*** Records for the task ***

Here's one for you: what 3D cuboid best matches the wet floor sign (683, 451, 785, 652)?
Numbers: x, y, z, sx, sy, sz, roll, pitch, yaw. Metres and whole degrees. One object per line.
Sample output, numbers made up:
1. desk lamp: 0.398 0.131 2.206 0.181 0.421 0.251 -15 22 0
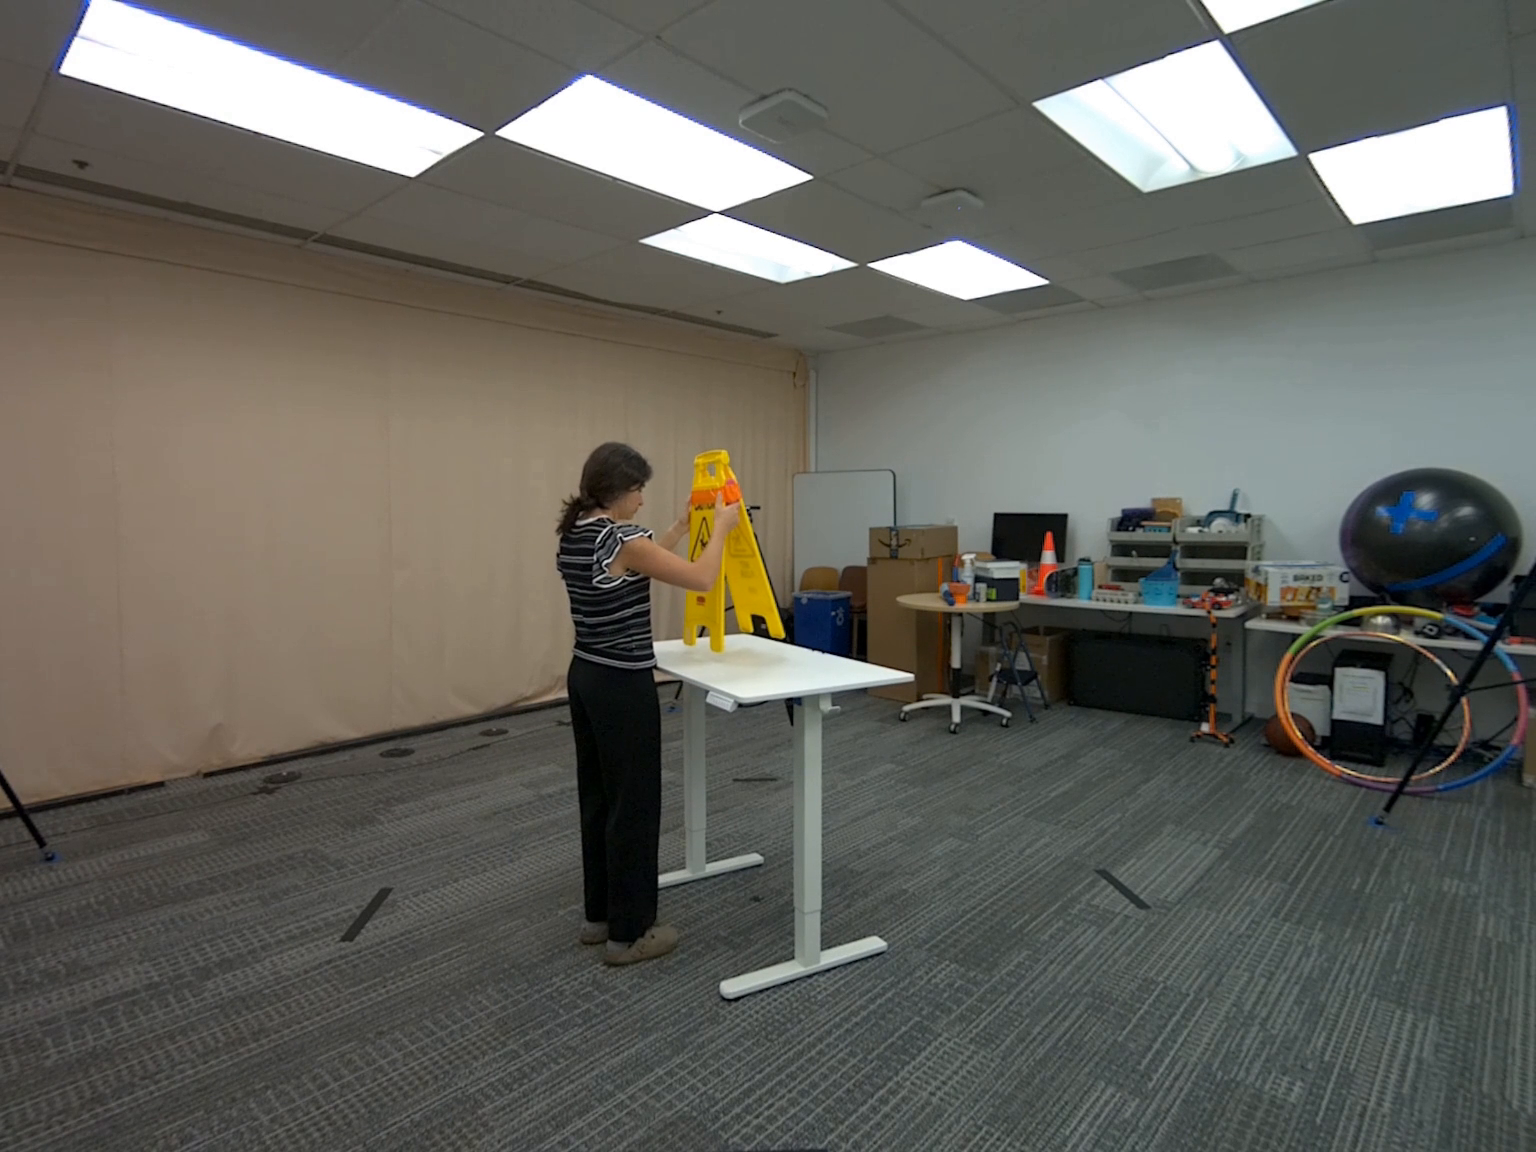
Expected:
1. wet floor sign: -0.157 -0.094 2.865 0.283 0.644 0.290 -8 4 -27

***

**Your objective**
Verbatim, write out the line containing "Sample output, numbers" and all later lines through the end of the records, leaving every picture out.

**Solution to this task**
Sample output, numbers made up:
1. desk lamp: 0.398 0.131 2.206 0.181 0.421 0.251 -15 22 0
Expected:
1. wet floor sign: -0.157 -0.094 2.865 0.283 0.644 0.290 -8 4 -27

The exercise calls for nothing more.